When workflow.validate: True, the validation split strategy depends on which config fields are set (checked in this order):

Separate validation file — If files.val_input is set, it is used as the validation set directly. Both splitting_instructions and k-fold splitting are ignored.
Custom split — If files.splitting_instructions is set (and val_input is empty), the referenced YAML file defines which lipid species go into the validation set. Data is read from train_input only.
K-fold cross-validation (default) — If neither is set, train_input is split into training.k folds (default: 6) by lipid species. Each fold trains an independent model and reports per-fold metrics.

After training, set workflow.save_model: True to save model weights. The save location depends on the training mode:

Single-split training (no validation or custom split): <files.output>/LipiDetective_Output_<timestamp>/lipidetective_model.pth
K-fold cross-validation: one model per fold, e.g. <files.output>/LipiDetective_Output_<timestamp>/fold_1/lipidetective_model.pth

Validation

Validation is not a standalone workflow — it is enabled by setting workflow.validate: True together with workflow.train: True. Setting validate: True without train: True has no effect.

The validation data source depends on the split strategy described above (val_input → splitting_instructions → k-fold). Metrics include loss, accuracy, and lipid-class-wise performance.

Testing

Set workflow.test: True to evaluate on the test set.

Testing uses the dataset at files.test_input and produces detailed metrics including:

Overall accuracy
Per-lipid-class confusion matrices
Confidence scores (when test.confidence_score: True)

Prediction

Set workflow.predict: True to identify lipids in new mzML spectra.

Prediction reads mzML files from files.predict_input and outputs identifications to the files.output directory. Key prediction settings:

predict.output — "best_prediction" for top-1 or "top3" for top-3
predict.confidence_threshold — Minimum confidence to report (default: 0.98)
predict.keep_empty — Whether to include unidentified spectra
predict.keep_wrong_polarity_preds — Whether to keep polarity-mismatched results

A pre-trained model must be loaded (workflow.load_model: True).

Hyperparameter Tuning

Set workflow.tune: True to run automated hyperparameter search using Ray Tune.

Tuning uses the ASHA scheduler for early stopping and supports WandB logging. Configure via the tune section:

tune.nr_trials — Number of hyperparameter combinations to try
tune.grace_period — Minimum epochs before a trial can be stopped
tune.resources_per_trial — CPU/GPU allocation (null for auto-detect)

Trainer API

The Trainer class orchestrates all workflows:

class Trainer(config: dict[str, Any])[source]

The trainer class creates the lightning module and executes the specified workflow. It handles processing and splitting of the dataset.

train_with_validation() → None[source]

train_without_validation() → None[source]

test() → None[source]: This loop is for analyzing the models performance on a previously unseen labeled test dataset.

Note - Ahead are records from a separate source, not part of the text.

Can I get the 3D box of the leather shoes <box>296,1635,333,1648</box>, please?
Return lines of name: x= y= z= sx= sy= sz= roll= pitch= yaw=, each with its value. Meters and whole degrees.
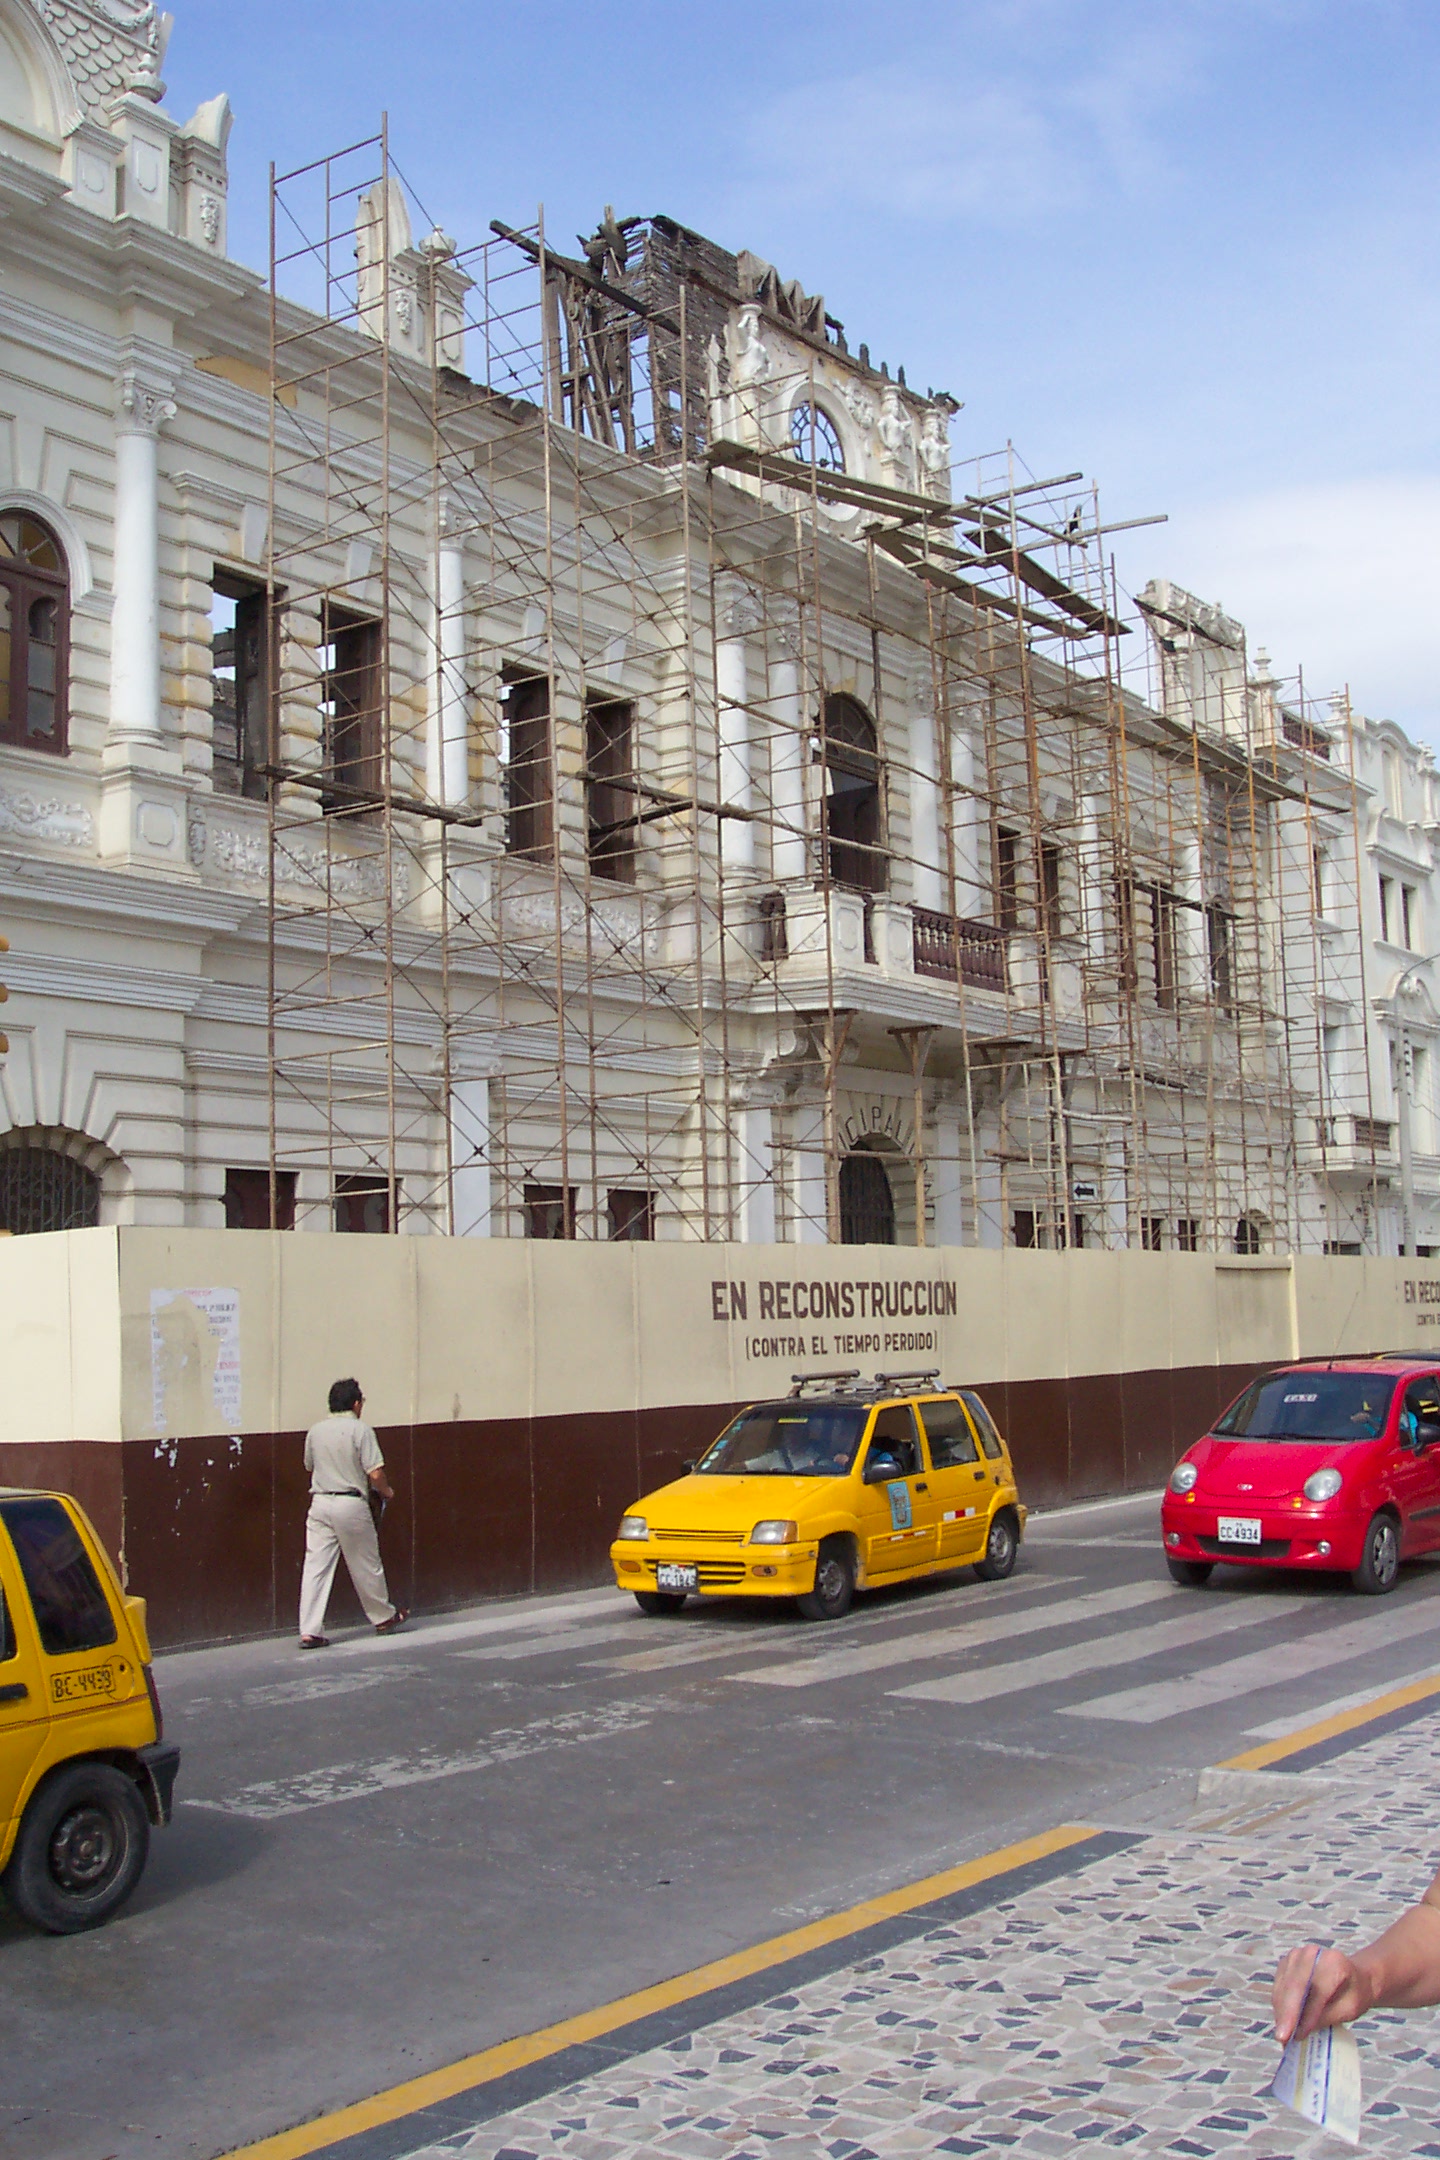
leather shoes: x=-2.564 y=3.592 z=13.686 sx=0.078 sy=0.096 sz=0.238 roll=-2 pitch=-10 yaw=15

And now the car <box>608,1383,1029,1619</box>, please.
car: x=0.613 y=2.922 z=14.998 sx=1.563 sy=1.264 sz=2.430 roll=-11 pitch=-13 yaw=37

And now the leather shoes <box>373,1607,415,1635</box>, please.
leather shoes: x=-2.182 y=3.629 z=14.333 sx=0.100 sy=0.122 sz=0.268 roll=5 pitch=12 yaw=29

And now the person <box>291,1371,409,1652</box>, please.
person: x=-2.443 y=2.834 z=14.176 sx=0.661 sy=1.693 sz=1.235 roll=0 pitch=-5 yaw=-9

predict() → None[source]: Predicts lipid species for unlabeled data. Input is one or more mzML.

get_pred_files() → list[str][source]

schedule_tuning() → None[source]

tune_model(config: dict[str, Any], num_epochs: int, train_loader: DataLoader[Any], val_loader: DataLoader[Any], trainset_lipids: list[str], valset_lipids: list[str]) → None[source]

prepare_tune_config() → None[source]

check_parameter_for_tuning(config_section: str, parameter: str) → None[source]

parse_lipid_dataset_name(lipid_name: str) → str[source]

get_unique_lipids(dataset_list: list[str]) → list[str][source]

perform_data_split() → DataSplit[source]: This method extracts the names of all datasets in the HDF5 input file and saves them in separate lists for the training and validation sets. These lists can than be used to iterate over the dataset using lazy loading if the whole dataset is too big to be loaded at once.

split_data_via_instructions(dataset_names: list[str]) → DataSplit[source]

split_data_by_lipid_species(dataset_names: list[str]) → DataSplit[source]: Sorts the data by lipid type, mode and collision energy so the training and validation sets generated during the splitting can be balanced.

run_random_forest() → None[source]